WHAT THE EXERCISE ASKS:
From the line containing "date: 1750-1800" through the last line, print the records exactly and nothing else.

INPUT DATA:
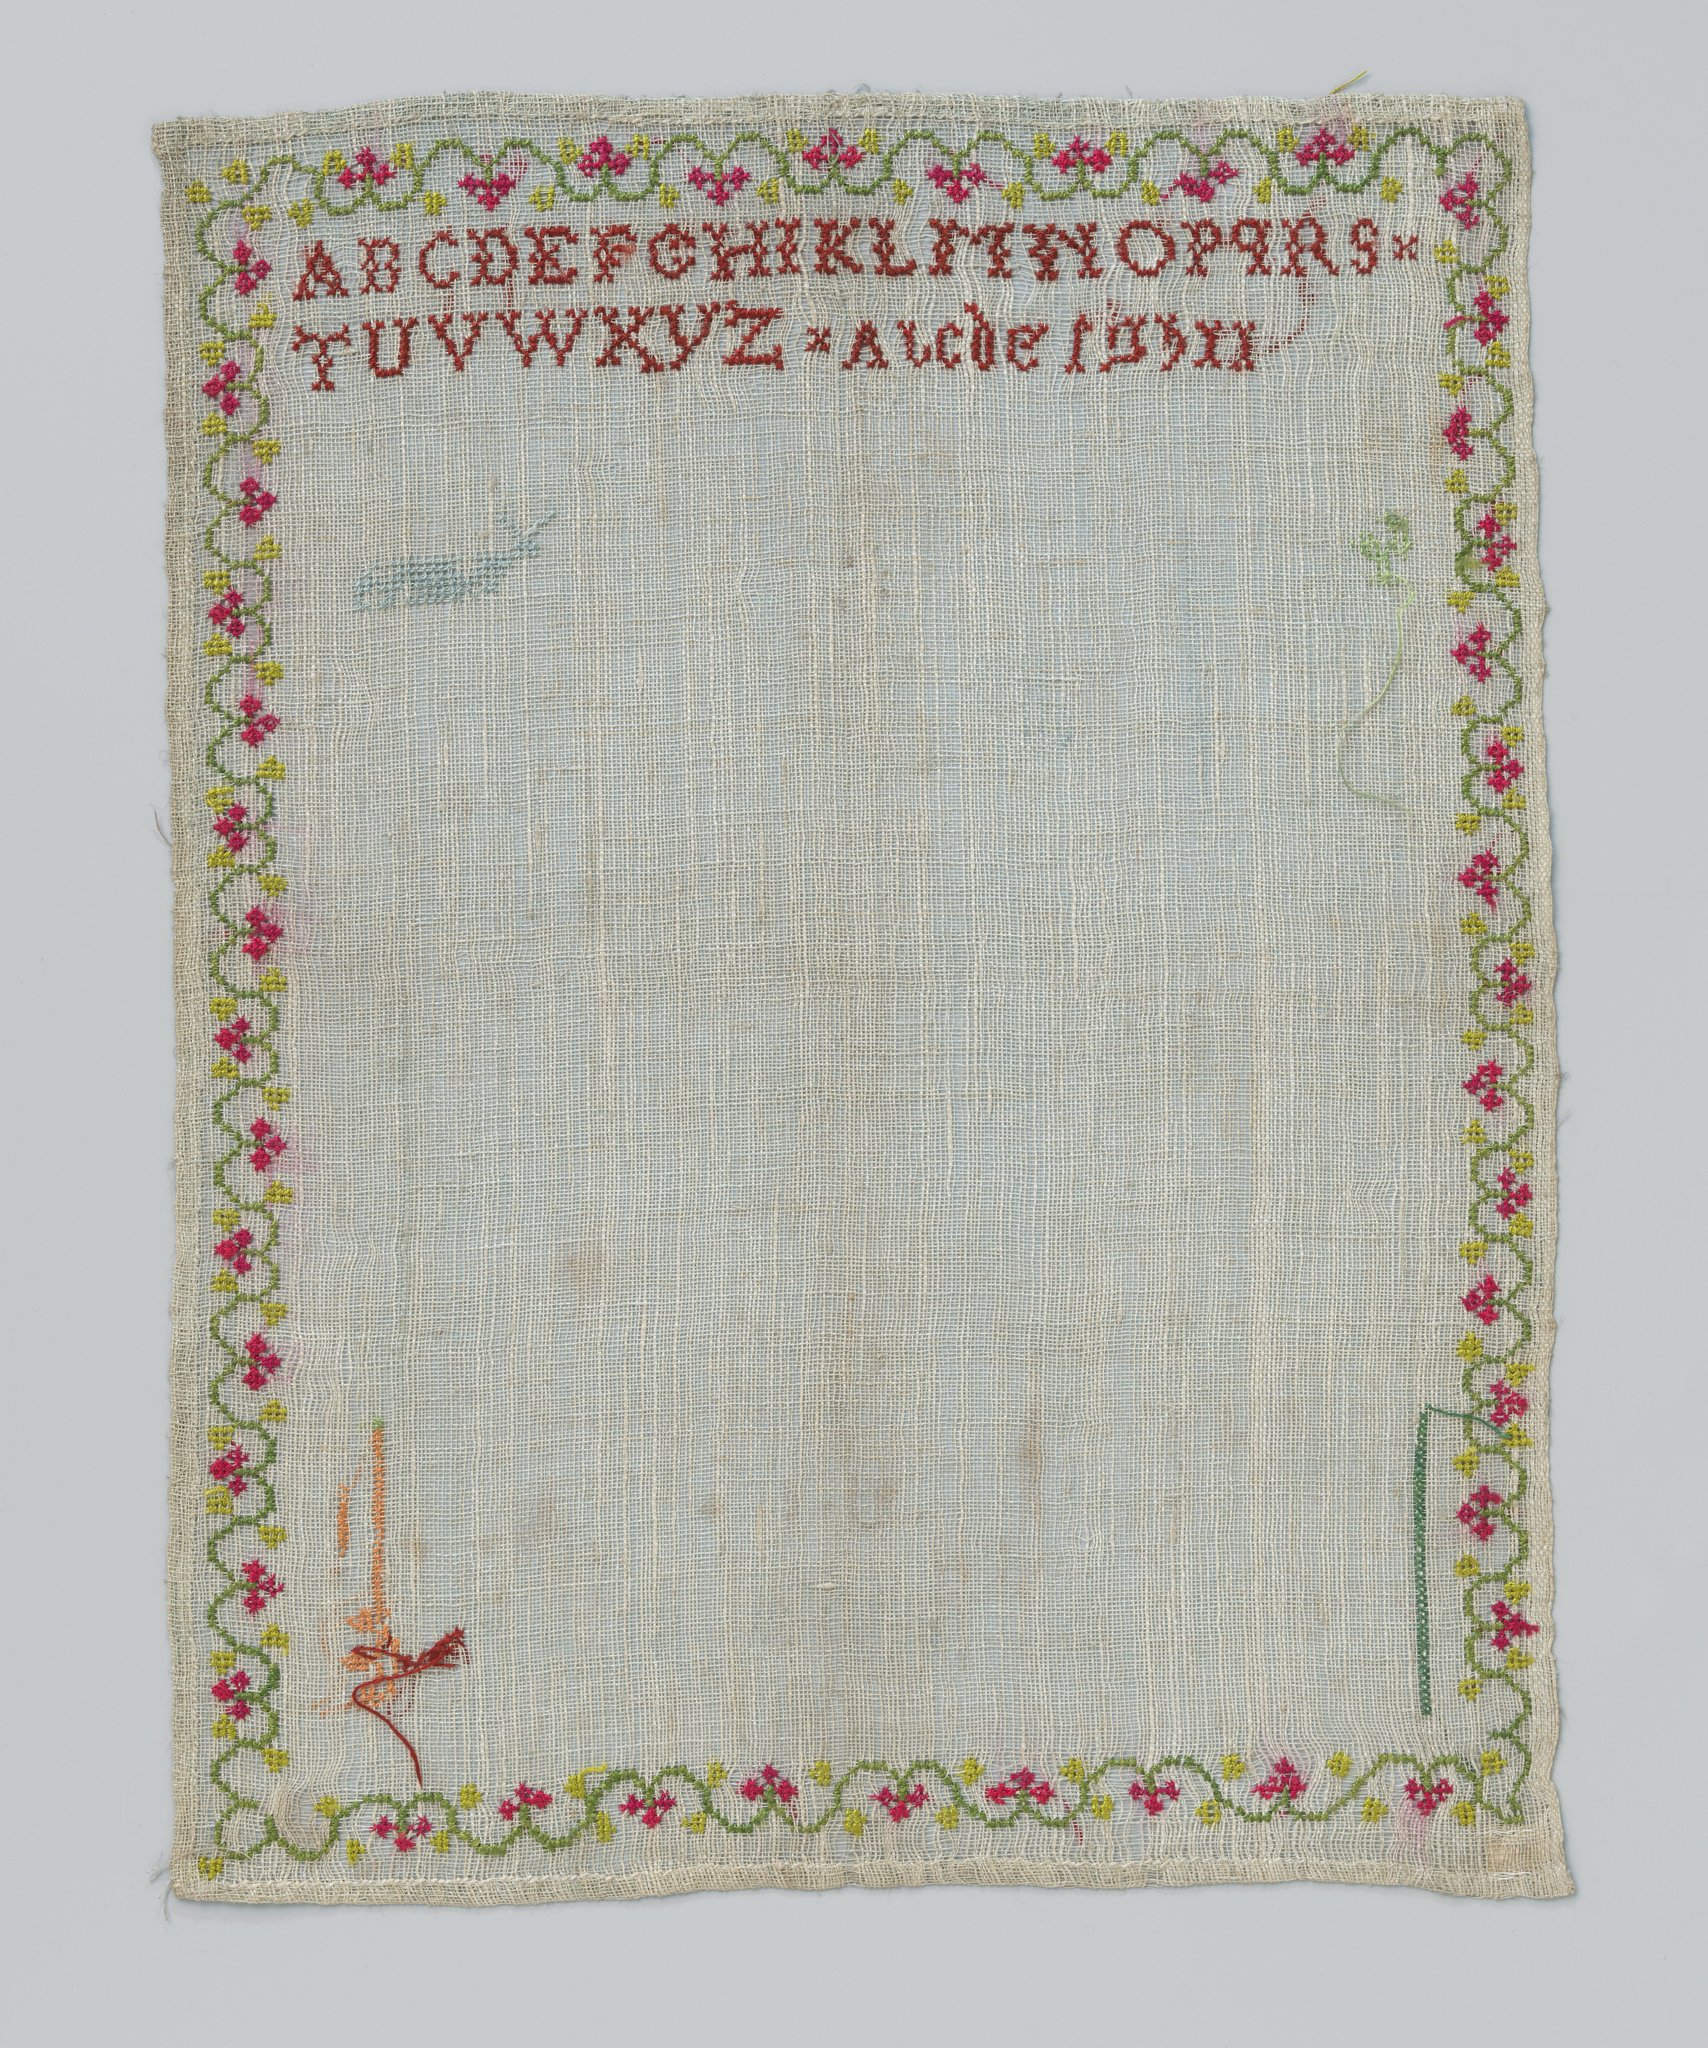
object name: merkdoek, merklap
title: Merklap van linnen. De merklap maakt deel uit van negen merklappen van verschillende grootten
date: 1750-1800
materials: linen
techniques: embroidered
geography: south holland
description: Merklap van linnen. De merklap maakt deel uit van negen merklappen van verschillende grootten (BK-NM-10759-A t/m BK-NM-10759-I).

WRITTEN RESPONSE:
date: 1750-1800
materials: linen
techniques: embroidered
geography: south holland
description: Merklap van linnen. De merklap maakt deel uit van negen merklappen van verschillende grootten (BK-NM-10759-A t/m BK-NM-10759-I).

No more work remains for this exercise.